Often, I would sit and watch the gardeners. There wasn’t much chatter amongst them, I noticed, each quietly absorbed in their tasks. One particularly industrious leaf-trimmer was hard at work at a tree called Emmenopterys henryi — a Chinese forest specimen that bloomed, I read on the information plaque, once every 30 years. It made me think of how a garden is patience. How much it demands in immediacy when our flowers, shrubs, and trees are always for a time after. Even if we might not be around to enjoy the shade, smell the flowers, harvest the fruit. A garden is in no hurry. It says the present is important, and dismisses our insistence on the forthcoming. Unwilling — because it can’t — to assuage our fears and uncertainties. Yet a garden is also always for the future. It coaxes us to nurture that most hardy of saplings: hope. That all will come to leaf and bloom at the right season, at the right time.

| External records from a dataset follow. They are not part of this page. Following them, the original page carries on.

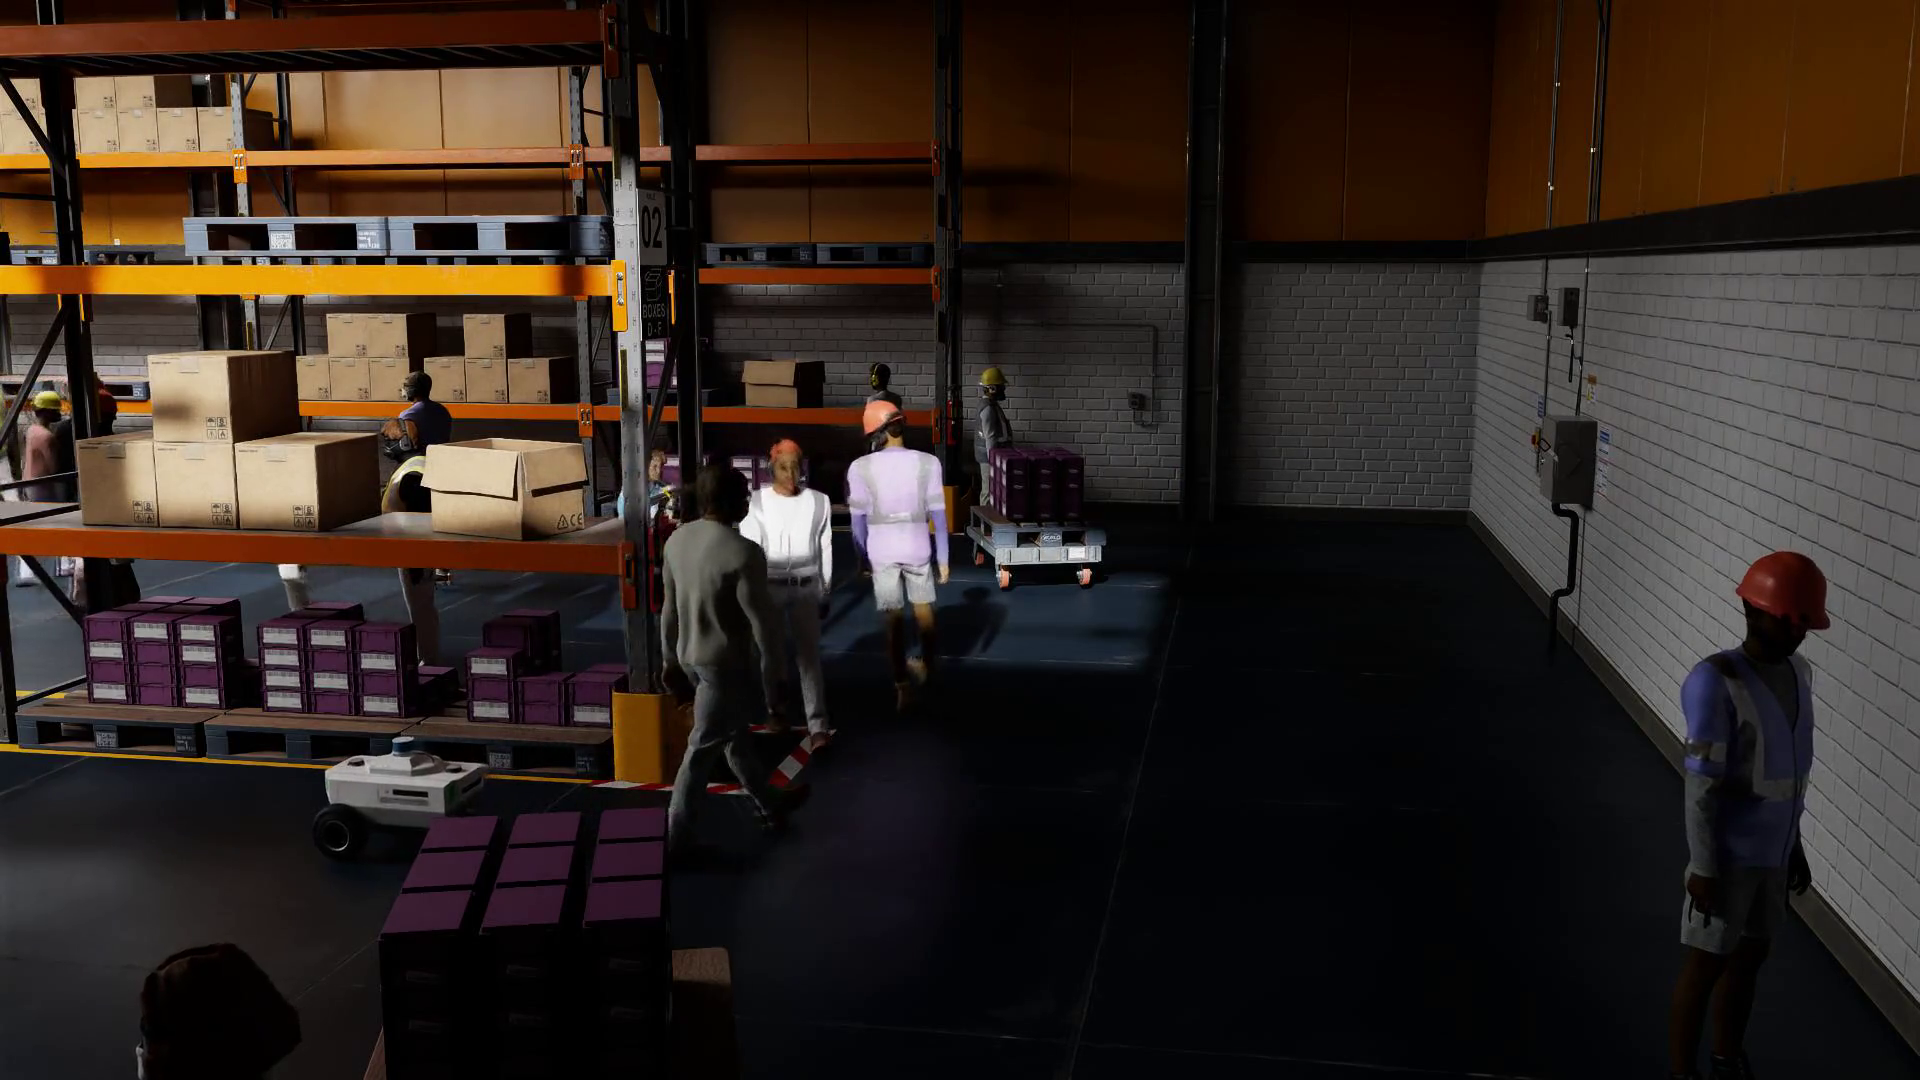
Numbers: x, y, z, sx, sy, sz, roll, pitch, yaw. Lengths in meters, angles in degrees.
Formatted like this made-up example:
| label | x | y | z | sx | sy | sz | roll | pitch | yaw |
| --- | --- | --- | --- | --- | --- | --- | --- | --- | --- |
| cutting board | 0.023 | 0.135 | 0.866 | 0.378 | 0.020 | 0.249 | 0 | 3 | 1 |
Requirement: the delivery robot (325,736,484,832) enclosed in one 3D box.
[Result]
| label | x | y | z | sx | sy | sz | roll | pitch | yaw |
| --- | --- | --- | --- | --- | --- | --- | --- | --- | --- |
| delivery robot | -2.667 | 1.190 | 8.006 | 0.707 | 0.478 | 0.477 | 2 | 9 | 12 |

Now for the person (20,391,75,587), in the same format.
| label | x | y | z | sx | sy | sz | roll | pitch | yaw |
| --- | --- | --- | --- | --- | --- | --- | --- | --- | --- |
| person | -8.140 | -0.466 | 14.912 | 0.744 | 1.732 | 0.589 | -8 | 12 | -40 |

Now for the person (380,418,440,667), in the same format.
| label | x | y | z | sx | sy | sz | roll | pitch | yaw |
| --- | --- | --- | --- | --- | --- | --- | --- | --- | --- |
| person | -3.669 | 0.098 | 11.130 | 0.428 | 1.836 | 0.626 | -3 | 10 | -19 |

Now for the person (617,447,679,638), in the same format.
| label | x | y | z | sx | sy | sz | roll | pitch | yaw |
| --- | --- | --- | --- | --- | --- | --- | --- | --- | --- |
| person | -2.053 | 0.173 | 11.330 | 0.788 | 1.600 | 0.530 | 9 | 13 | 44 |

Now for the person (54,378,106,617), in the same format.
| label | x | y | z | sx | sy | sz | roll | pitch | yaw |
| --- | --- | --- | --- | --- | --- | --- | --- | --- | --- |
| person | -6.854 | -0.332 | 13.343 | 0.777 | 1.966 | 0.654 | 0 | 9 | 1 |

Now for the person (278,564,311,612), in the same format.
| label | x | y | z | sx | sy | sz | roll | pitch | yaw |
| --- | --- | --- | --- | --- | --- | --- | --- | --- | --- |
| person | -4.986 | 0.006 | 12.310 | 0.424 | 1.623 | 0.531 | 2 | 9 | 10 |

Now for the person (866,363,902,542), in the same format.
| label | x | y | z | sx | sy | sz | roll | pitch | yaw |
| --- | --- | --- | --- | --- | --- | --- | --- | --- | --- |
| person | -0.788 | -0.894 | 17.215 | 0.325 | 1.862 | 0.508 | 7 | 12 | 39 |

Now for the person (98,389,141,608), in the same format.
| label | x | y | z | sx | sy | sz | roll | pitch | yaw |
| --- | --- | --- | --- | --- | --- | --- | --- | --- | --- |
| person | -6.320 | -0.151 | 12.342 | 0.542 | 1.938 | 0.358 | 9 | 13 | 43 |

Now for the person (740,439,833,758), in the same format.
| label | x | y | z | sx | sy | sz | roll | pitch | yaw |
| --- | --- | --- | --- | --- | --- | --- | --- | --- | --- |
| person | -0.998 | 0.328 | 9.716 | 0.561 | 1.827 | 1.030 | -2 | 9 | -15 |

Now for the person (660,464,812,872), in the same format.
| label | x | y | z | sx | sy | sz | roll | pitch | yaw |
| --- | --- | --- | --- | --- | --- | --- | --- | --- | --- |
| person | -1.065 | 0.579 | 7.945 | 1.005 | 1.885 | 0.658 | -9 | 13 | -43 |

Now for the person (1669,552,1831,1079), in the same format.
| label | x | y | z | sx | sy | sz | roll | pitch | yaw |
| --- | --- | --- | --- | --- | --- | --- | --- | --- | --- |
| person | 2.539 | 0.985 | 5.324 | 0.542 | 1.928 | 0.374 | -5 | 11 | -30 |

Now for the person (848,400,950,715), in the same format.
| label | x | y | z | sx | sy | sz | roll | pitch | yaw |
| --- | --- | --- | --- | --- | --- | --- | --- | --- | --- |
| person | -0.397 | 0.089 | 10.758 | 0.638 | 1.972 | 0.924 | -1 | 9 | -9 |

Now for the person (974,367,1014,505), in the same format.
| label | x | y | z | sx | sy | sz | roll | pitch | yaw |
| --- | --- | --- | --- | --- | --- | --- | --- | --- | --- |
| person | 0.343 | -0.835 | 16.895 | 0.404 | 1.837 | 0.590 | 0 | 9 | -2 |

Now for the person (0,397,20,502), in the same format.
| label | x | y | z | sx | sy | sz | roll | pitch | yaw |
| --- | --- | --- | --- | --- | --- | --- | --- | --- | --- |
| person | -10.255 | -0.889 | 17.403 | 1.002 | 1.777 | 0.642 | 4 | 10 | 22 |

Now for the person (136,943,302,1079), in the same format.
| label | x | y | z | sx | sy | sz | roll | pitch | yaw |
| --- | --- | --- | --- | --- | --- | --- | --- | --- | --- |
| person | -1.284 | 1.507 | 2.993 | 0.265 | 1.631 | 0.507 | -6 | 11 | -32 |

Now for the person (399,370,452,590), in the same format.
| label | x | y | z | sx | sy | sz | roll | pitch | yaw |
| --- | --- | --- | --- | --- | --- | --- | --- | --- | --- |
| person | -4.713 | -0.523 | 14.645 | 0.364 | 1.939 | 0.636 | 3 | 10 | 16 |
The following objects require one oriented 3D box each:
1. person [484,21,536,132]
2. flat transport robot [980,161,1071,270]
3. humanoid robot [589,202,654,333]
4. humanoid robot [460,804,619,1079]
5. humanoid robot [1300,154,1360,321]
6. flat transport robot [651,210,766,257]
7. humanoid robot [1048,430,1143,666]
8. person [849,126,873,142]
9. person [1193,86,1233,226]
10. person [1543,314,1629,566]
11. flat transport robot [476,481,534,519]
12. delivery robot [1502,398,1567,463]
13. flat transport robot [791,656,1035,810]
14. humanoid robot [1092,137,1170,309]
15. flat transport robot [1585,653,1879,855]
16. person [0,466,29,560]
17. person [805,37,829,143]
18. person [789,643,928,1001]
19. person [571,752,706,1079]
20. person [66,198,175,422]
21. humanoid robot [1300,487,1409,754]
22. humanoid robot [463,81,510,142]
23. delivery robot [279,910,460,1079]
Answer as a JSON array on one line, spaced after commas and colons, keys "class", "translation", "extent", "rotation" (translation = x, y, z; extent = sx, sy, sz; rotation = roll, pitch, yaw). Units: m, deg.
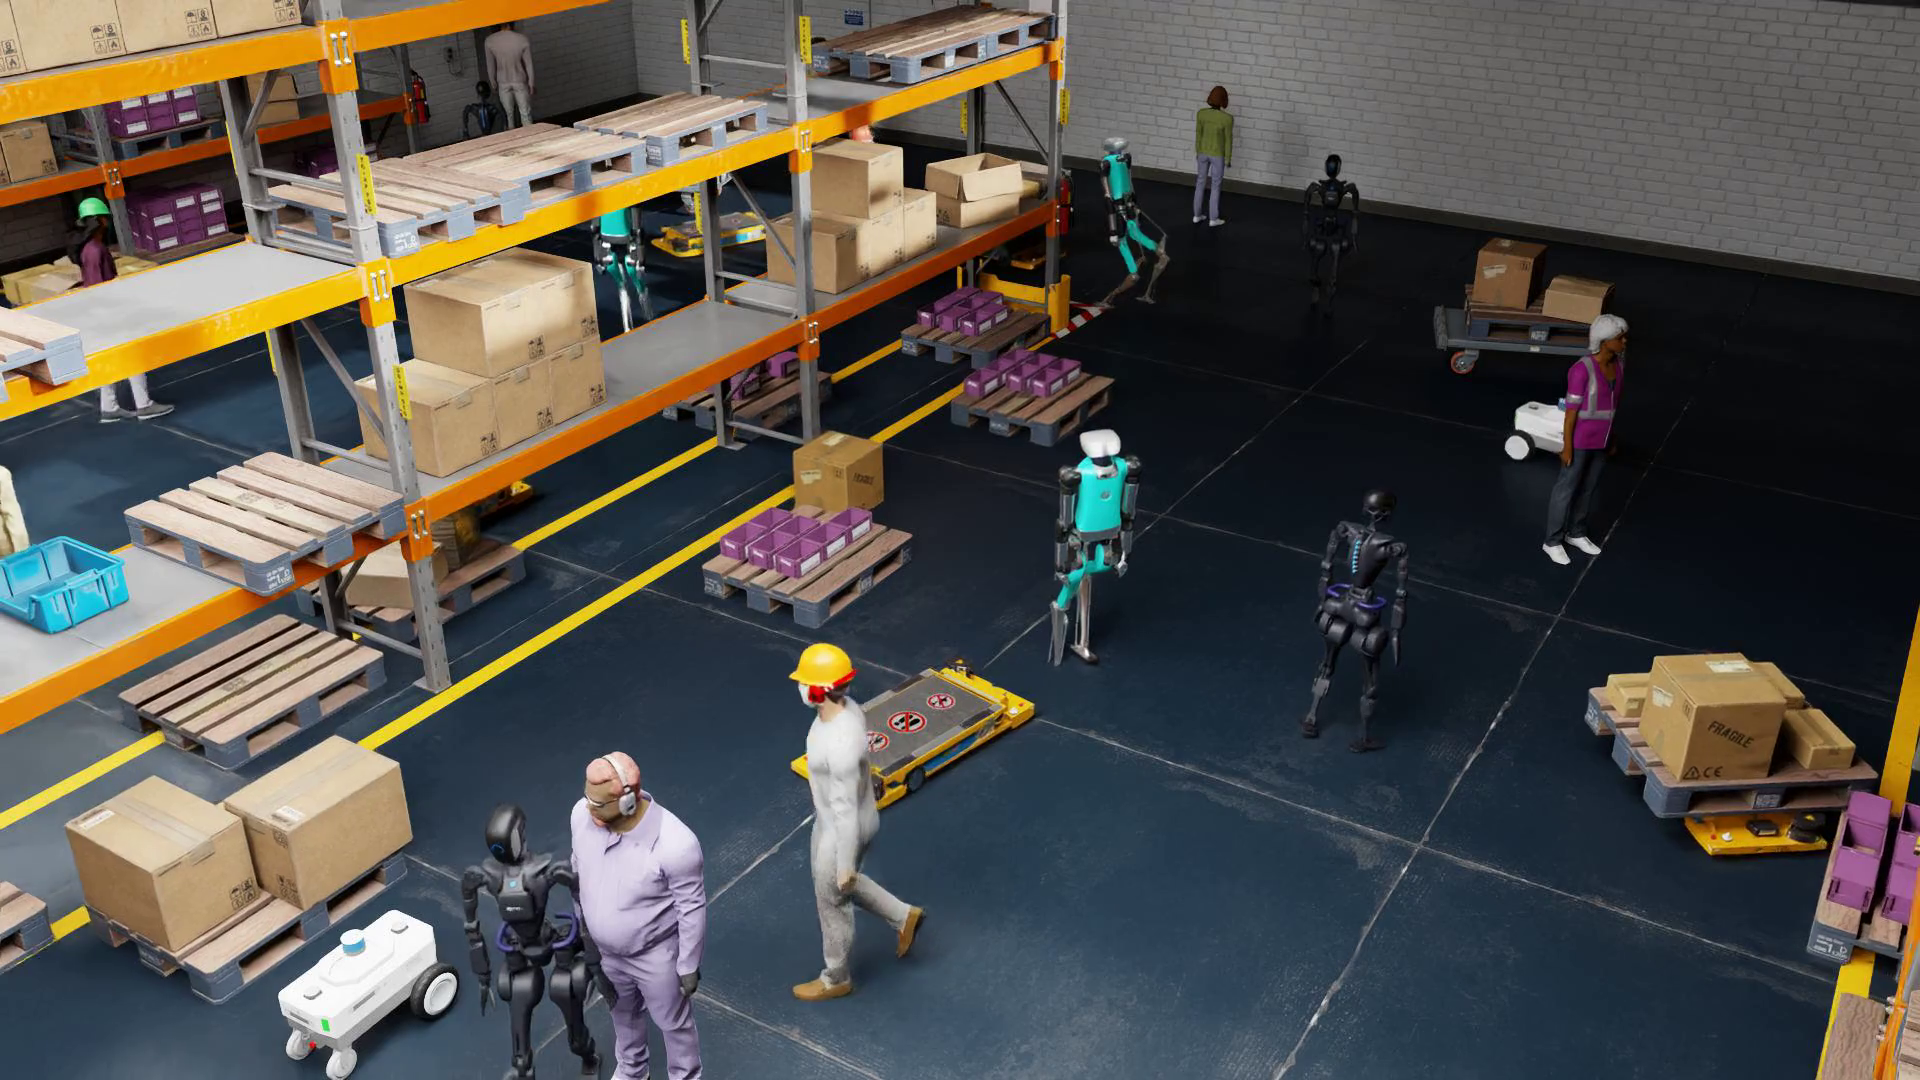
[{"class": "person", "translation": [-6.057, -6.170, 22.516], "extent": [0.627, 1.936, 0.374], "rotation": [-2, 27, -4]}, {"class": "flat transport robot", "translation": [0.448, -3.330, 18.760], "extent": [1.431, 0.231, 0.659], "rotation": [20, 33, 34]}, {"class": "humanoid robot", "translation": [-3.195, -2.739, 16.079], "extent": [0.543, 1.876, 0.805], "rotation": [4, 27, 9]}, {"class": "humanoid robot", "translation": [-1.769, 1.830, 7.071], "extent": [0.619, 1.640, 0.609], "rotation": [0, 27, -1]}, {"class": "humanoid robot", "translation": [3.732, -3.067, 16.700], "extent": [0.596, 1.646, 0.565], "rotation": [6, 28, 12]}, {"class": "flat transport robot", "translation": [-2.768, -3.526, 19.146], "extent": [1.431, 0.231, 0.659], "rotation": [-19, 33, -33]}, {"class": "humanoid robot", "translation": [0.766, 0.098, 10.528], "extent": [0.536, 1.888, 0.788], "rotation": [-9, 28, -17]}, {"class": "person", "translation": [-0.942, -3.572, 17.633], "extent": [0.760, 1.719, 0.593], "rotation": [-19, 33, -33]}, {"class": "person", "translation": [2.986, -4.531, 19.625], "extent": [0.492, 1.624, 0.281], "rotation": [19, 33, 33]}, {"class": "person", "translation": [4.497, -0.723, 11.880], "extent": [0.523, 1.844, 0.335], "rotation": [-15, 30, -27]}, {"class": "flat transport robot", "translation": [-4.005, -0.230, 12.651], "extent": [0.659, 0.231, 1.431], "rotation": [16, 31, 29]}, {"class": "delivery robot", "translation": [4.900, -0.870, 13.587], "extent": [0.775, 0.585, 0.499], "rotation": [24, 35, 39]}, {"class": "flat transport robot", "translation": [-0.263, 1.144, 9.944], "extent": [0.659, 0.231, 1.431], "rotation": [23, 35, 38]}, {"class": "humanoid robot", "translation": [1.817, -3.124, 16.772], "extent": [0.928, 1.747, 0.546], "rotation": [17, 32, 30]}, {"class": "flat transport robot", "translation": [4.325, 1.312, 9.613], "extent": [0.659, 0.231, 1.431], "rotation": [-2, 27, -4]}, {"class": "person", "translation": [-6.200, 0.035, 10.537], "extent": [0.579, 1.700, 0.888], "rotation": [-3, 27, -5]}, {"class": "person", "translation": [-1.919, -5.610, 21.551], "extent": [0.642, 1.814, 0.599], "rotation": [-21, 33, -35]}, {"class": "person", "translation": [-0.491, 1.330, 7.810], "extent": [0.617, 1.874, 0.616], "rotation": [-4, 27, -7]}, {"class": "person", "translation": [-1.375, 1.710, 7.023], "extent": [0.651, 1.904, 0.406], "rotation": [14, 30, 25]}, {"class": "person", "translation": [-7.243, -1.956, 14.254], "extent": [0.667, 1.890, 0.578], "rotation": [-16, 31, -29]}, {"class": "humanoid robot", "translation": [2.305, 0.465, 9.724], "extent": [0.608, 1.635, 0.391], "rotation": [24, 35, 38]}, {"class": "humanoid robot", "translation": [-5.604, -4.605, 19.724], "extent": [0.595, 1.646, 0.428], "rotation": [-2, 27, -4]}, {"class": "delivery robot", "translation": [-2.785, 2.081, 7.782], "extent": [0.499, 0.595, 0.792], "rotation": [15, 30, 26]}]
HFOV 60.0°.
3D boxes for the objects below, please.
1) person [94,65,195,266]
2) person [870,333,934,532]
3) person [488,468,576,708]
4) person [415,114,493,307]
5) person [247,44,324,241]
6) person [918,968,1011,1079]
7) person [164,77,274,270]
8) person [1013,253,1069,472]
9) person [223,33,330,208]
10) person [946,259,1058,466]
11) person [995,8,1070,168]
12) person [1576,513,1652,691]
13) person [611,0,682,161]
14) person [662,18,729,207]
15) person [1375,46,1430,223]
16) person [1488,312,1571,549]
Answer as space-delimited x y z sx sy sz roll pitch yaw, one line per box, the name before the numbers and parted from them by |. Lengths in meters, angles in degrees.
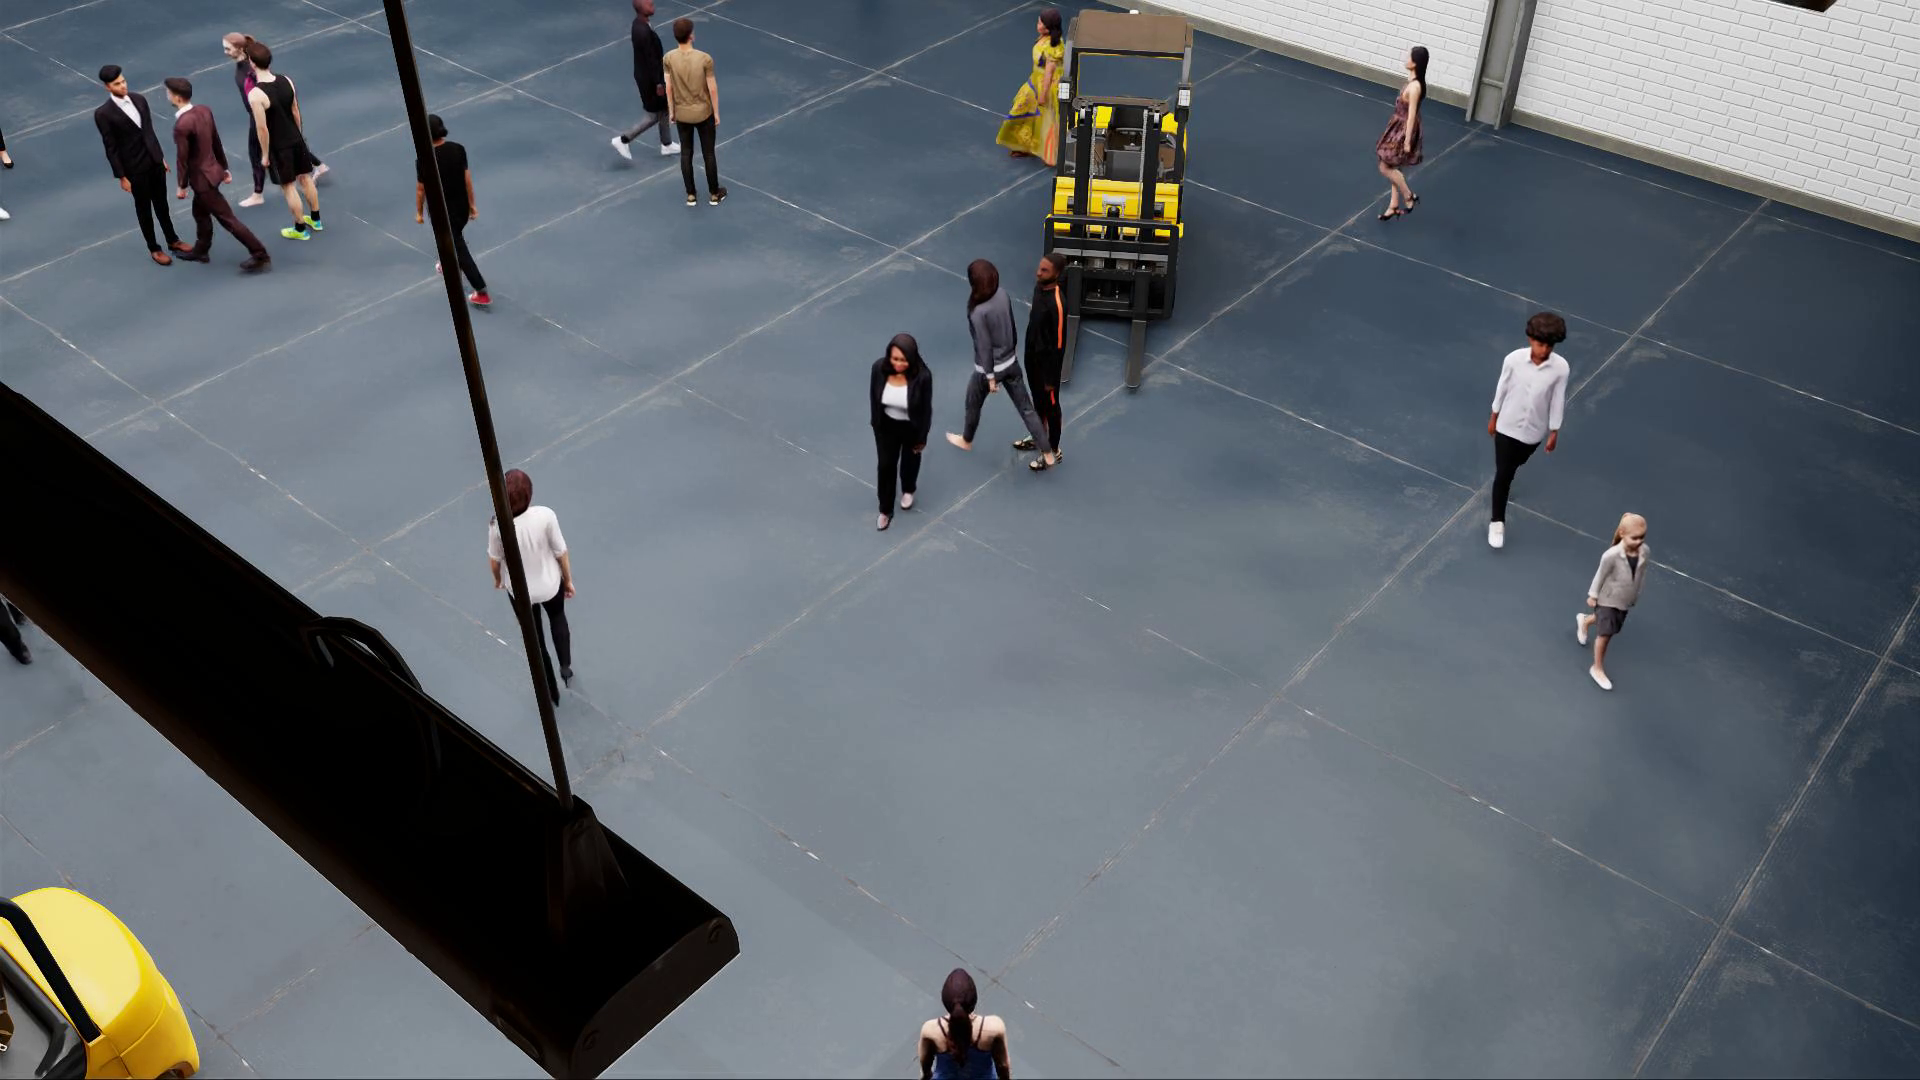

I returned to Delhi in July to find that ground-floor living rather suited our plants. The areca palms, fed by the rain, were suddenly getting taller, the jasmine flourishing in the shade of the curry patta tree, the dwarf champas sprouting shiny new leaves. For them, it was roaring, thriving summer. For my partner and I, still a tough, brittle winter. Still things to thrash out, negotiate, unravel. It was hard work. At times there wasn’t much chatter; we went about our tasks in silence. We pruned. Yet somewhere I was wiser. Or at least more patient. Much more than I’d ever been. Relationships, I realised, like gardens, have their seasons. There is a time to sow, and a time to harvest, propelled always by the shedding of the unnecessary for the vital, the old for the new. Now, as the year ends, I take stock of our garden. All the terrariums, apart from one, are a failure. At least three money plants have had to be replaced. One elegant parlour palm died, besieged by strange termites. The kitchen succulents were over-watered and buried. But we carry on, relentless, clutching our buds of hope into spring.